2020 2020;32(1):163-164
LETTER TO THE EDITOR

10.5935/0103-507X.20200026

To: Efficacy and safety of high-flow nasal cannula oxygen therapy in moderate acute hypercapnic respiratory failure

Para: Eficácia e segurança da oxigenoterapia com cânula nasal de alto fluxo na insuficiência respiratória hipercápnica moderada aguda

Antonio M Esquinas1, Habib Md Reazaul Karim2

1 Intensive Care Unit, Hospital Morales Meseguer - Murcia, Spain.
2 Department of Anaesthesiology and Critical Care, All India Institute of Medical Sciences - Raipur, India.

Conflicts of interest: None.

Submitted on June 10, 2019
Accepted on August 05, 2019

Corresponding author: Habib Md Reazaul Karim, Department of Anaesthesiology and Critical Care, All India Institute of Medical Sciences, Great Eastern Road Tatibandh, Raipur, Chhattisgarh 492099, Índia. E-mail: [email protected]

 

To the Editor,

We read with great interest the article “Efficacy and safety of high-flow nasal cannula oxygen therapy in moderate acute hypercapnic respiratory failure” by Yuste et al., where the use of high-flow nasal cannula (HFNC) is evaluated in patients with moderate hypercapnic respiratory failure (HRF).(1) We complement the authors for their exciting work; however, we consider that the conclusions of this study and its results can be commented on from a clinical perspective that in our opinion should be taken into account.

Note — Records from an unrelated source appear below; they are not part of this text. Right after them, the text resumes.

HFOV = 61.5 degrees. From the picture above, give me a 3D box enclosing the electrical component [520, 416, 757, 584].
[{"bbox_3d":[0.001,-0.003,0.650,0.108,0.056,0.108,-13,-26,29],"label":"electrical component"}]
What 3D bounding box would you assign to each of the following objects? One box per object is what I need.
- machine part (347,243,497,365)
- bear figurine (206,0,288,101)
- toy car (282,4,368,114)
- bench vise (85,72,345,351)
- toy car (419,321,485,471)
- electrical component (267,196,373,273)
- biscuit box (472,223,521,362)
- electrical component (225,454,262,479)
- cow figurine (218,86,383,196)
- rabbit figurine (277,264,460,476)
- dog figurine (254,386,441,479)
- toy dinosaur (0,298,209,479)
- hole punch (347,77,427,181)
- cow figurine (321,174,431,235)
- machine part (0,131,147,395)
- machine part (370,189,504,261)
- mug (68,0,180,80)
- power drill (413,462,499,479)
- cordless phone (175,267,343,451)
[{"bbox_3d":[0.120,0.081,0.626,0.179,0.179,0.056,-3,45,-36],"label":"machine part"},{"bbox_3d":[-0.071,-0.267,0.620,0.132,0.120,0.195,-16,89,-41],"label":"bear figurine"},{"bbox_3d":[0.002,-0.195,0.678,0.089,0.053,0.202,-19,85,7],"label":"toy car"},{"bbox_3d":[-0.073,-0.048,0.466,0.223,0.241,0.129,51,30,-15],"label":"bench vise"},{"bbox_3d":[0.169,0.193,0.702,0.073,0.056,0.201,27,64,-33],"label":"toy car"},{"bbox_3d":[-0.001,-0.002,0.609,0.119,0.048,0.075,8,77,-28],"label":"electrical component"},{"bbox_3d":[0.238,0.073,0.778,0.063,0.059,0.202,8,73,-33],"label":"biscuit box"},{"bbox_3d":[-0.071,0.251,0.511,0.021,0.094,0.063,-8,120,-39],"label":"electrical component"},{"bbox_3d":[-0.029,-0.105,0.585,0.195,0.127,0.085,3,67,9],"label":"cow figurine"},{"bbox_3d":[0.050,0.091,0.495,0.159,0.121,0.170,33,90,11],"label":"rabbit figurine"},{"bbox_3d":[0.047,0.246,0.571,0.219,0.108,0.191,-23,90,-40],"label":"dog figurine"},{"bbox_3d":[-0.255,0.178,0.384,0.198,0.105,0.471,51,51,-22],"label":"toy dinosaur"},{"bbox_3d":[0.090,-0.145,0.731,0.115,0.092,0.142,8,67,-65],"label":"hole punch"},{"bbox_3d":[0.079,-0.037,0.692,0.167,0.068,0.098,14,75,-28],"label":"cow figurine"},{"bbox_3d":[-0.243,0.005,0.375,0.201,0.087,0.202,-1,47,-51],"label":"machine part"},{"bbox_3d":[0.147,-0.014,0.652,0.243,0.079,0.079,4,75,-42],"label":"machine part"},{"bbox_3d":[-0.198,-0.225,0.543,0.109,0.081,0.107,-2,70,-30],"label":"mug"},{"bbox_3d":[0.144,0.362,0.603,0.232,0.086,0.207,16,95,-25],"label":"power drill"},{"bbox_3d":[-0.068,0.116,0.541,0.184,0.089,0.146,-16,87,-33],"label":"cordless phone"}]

The protocol implemented for HFNC applications needs attention. Although the authors indicate that they used an established protocol, it is essential to know the method of HFNC use in context, specifically, a) if the authors maintained their application during the nighttime(2,3) and b) if the use of the HFNC step with other devices was regulated by some criteria, such as the flow or previous pressures.(4) We think that these considerations can raise the importance of their results and their clinical extrapolation.

Furthermore, although the authors use hypercapnia as a criterion, the patients in their study may have a different etiology of hypercapnia (hypoventilation, increased airway resistance or cardiac insufficiency). This perspective on the use of HFNC can condition the results and the clinical extrapolation of them.(5,6)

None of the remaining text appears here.